Market Report: Weak policies equal higher gold prices

MR Sept 23 1
This week, both the Bank of Japan and the Fed announced their interest rate policies.

The BoJ came up with an underpinning of 10-year JGBs at zero yield, and the Fed came up with, well - nothing. Except, the FOMC reckoned long-term real GDP growth was likely to be about two per cent, rather than previous hoped-for rates of three or four per cent.

That bit of the FOMC statement didn’t get much publicity, but it represents the Fed throwing in the towel on monetary policy. Japan has no more significant policy tweaks either. So what we are seeing is an admission that interest rates will have to be kept at zero and negative respectively for a prolonged period of time, because neither central bank really knows what else it can do.

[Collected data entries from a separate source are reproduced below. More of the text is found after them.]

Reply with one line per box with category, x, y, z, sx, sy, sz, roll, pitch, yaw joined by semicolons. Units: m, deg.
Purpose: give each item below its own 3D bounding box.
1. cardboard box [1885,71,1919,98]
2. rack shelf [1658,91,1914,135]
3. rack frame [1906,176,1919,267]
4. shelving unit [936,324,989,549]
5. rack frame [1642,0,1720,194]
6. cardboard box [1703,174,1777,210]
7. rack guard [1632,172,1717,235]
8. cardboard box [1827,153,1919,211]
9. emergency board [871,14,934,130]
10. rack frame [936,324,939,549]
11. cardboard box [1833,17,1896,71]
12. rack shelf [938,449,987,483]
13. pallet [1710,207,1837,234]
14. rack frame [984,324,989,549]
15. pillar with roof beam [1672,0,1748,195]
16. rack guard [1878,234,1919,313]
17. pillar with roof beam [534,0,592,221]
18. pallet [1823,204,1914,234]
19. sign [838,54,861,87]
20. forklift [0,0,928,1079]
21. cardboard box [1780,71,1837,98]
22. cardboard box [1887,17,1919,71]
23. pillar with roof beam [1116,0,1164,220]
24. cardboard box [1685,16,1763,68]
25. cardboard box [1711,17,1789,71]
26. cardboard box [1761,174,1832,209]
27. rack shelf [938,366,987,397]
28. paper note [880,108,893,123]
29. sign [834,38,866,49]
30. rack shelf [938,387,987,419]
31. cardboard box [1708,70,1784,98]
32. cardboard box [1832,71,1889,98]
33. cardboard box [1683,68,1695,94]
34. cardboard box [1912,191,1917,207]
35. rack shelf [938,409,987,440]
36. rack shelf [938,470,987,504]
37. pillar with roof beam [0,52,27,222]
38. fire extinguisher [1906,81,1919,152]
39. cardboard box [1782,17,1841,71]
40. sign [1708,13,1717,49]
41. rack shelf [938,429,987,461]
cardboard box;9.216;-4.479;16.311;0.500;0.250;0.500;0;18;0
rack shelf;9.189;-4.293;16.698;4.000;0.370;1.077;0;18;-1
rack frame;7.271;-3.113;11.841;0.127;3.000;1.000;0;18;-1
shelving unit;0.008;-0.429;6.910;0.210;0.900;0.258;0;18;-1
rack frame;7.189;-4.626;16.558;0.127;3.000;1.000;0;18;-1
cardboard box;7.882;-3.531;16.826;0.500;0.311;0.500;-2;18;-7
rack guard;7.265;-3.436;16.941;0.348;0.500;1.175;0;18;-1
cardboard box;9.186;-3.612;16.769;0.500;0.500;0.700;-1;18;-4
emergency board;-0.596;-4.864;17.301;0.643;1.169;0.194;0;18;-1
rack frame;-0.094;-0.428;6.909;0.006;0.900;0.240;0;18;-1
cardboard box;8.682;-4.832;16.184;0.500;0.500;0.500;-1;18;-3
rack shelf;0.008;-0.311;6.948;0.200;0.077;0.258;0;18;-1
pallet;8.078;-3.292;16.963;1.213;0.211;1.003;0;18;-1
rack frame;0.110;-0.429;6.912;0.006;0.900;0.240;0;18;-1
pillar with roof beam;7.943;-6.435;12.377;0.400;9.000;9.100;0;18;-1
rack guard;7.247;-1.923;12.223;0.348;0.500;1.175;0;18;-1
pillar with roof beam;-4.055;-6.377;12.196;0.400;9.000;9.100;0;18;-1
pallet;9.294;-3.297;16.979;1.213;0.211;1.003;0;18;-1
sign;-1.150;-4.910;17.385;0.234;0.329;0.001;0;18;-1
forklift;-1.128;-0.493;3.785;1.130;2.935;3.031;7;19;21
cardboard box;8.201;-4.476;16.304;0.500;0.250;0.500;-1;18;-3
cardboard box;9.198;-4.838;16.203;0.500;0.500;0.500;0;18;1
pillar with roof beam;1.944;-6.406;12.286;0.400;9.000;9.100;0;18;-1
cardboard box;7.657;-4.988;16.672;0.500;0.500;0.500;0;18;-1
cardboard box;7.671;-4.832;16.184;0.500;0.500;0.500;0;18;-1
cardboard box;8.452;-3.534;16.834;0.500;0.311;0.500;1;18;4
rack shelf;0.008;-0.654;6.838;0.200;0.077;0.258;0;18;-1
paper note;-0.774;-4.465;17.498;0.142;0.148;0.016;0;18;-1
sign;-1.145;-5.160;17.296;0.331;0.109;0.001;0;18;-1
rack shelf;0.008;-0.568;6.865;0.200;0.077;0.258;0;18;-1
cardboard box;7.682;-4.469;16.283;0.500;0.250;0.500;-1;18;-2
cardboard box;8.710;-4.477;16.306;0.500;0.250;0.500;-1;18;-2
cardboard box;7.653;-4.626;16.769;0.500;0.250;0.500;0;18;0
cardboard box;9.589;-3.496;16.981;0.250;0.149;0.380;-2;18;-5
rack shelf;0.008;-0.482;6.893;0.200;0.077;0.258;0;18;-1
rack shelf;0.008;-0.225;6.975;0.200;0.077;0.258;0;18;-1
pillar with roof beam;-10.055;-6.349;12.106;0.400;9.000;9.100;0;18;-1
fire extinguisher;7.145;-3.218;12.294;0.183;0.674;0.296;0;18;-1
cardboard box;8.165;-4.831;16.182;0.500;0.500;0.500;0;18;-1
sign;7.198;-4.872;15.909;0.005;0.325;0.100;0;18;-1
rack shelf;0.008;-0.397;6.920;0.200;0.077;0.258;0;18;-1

Gold and silver had begun to rally ahead of the interest rate announcements, and following the Fed’s on Wednesday night, gold jumped 2%, and silver by 4%. Silver in particular has had a good week, with the dollar price rising from a low of $18.78 to a high yesterday (Thursday) of $20.07, up nearly 7%. This morning it had eased to $19.80 in early European trade. Gold rose from a Monday low of $1309.5 to a high of $1343.7 yesterday, a rise of 2.6%. This morning it opened at $1335, after some profit-taking. Taking into account the confirmations of continuing weak interest rate policies, there is a good chance that we can say support above $1300 for gold has held, and it is now ready for a challenge of this year’s high at $1370. If gold can clear the $1345-50 level, this outlook will be confirmed. The technical position is shown in our next chart.

MR Sept 23 2
Ahead of the FOMC meeting, analysts commentary was mixed, with a number of them recommending profit-taking in gold. This reflected the reasonable possibility that support at the $1300 level would not hold, and a move towards $1250, where the 200-day moving average currently resides, was on the cards.

This year’s gold performance in other currencies is worth a look, which is our next chart.

MR Sept 23 3

The differences reflect currency movements as well as gold itself, and there are two things worthy of comment. First, the euro has weakened over the long-term, and if it breaks below $1.10 that could signal a move to challenge parity (it is currently 1.1216). The event that might cause this is deterioration in Italy’s economy, or renewed banking concerns. Secondly, the Japanese yen is poised at the JPY 100 level to the dollar (currently 100.720), which if broken could signal a bout of further strength for the yen. While we will only know these outcomes in retrospect, it is therefore worth allowing for a degree of currency volatility when considering future precious metal prices. Finally, silver’s outperformance is worthy of a special mention. This week, it has been noticeable how silver’s intraday movements have tended to lead the gold price. The most likely explanation is that there is a degree of front-running by insiders, sensitive to the larger flows taking place in gold. At the same time, its outperformance during the week suggests a shortage in physical and paper markets, which the bullion houses are reluctant to supply by the creation of yet more contracts.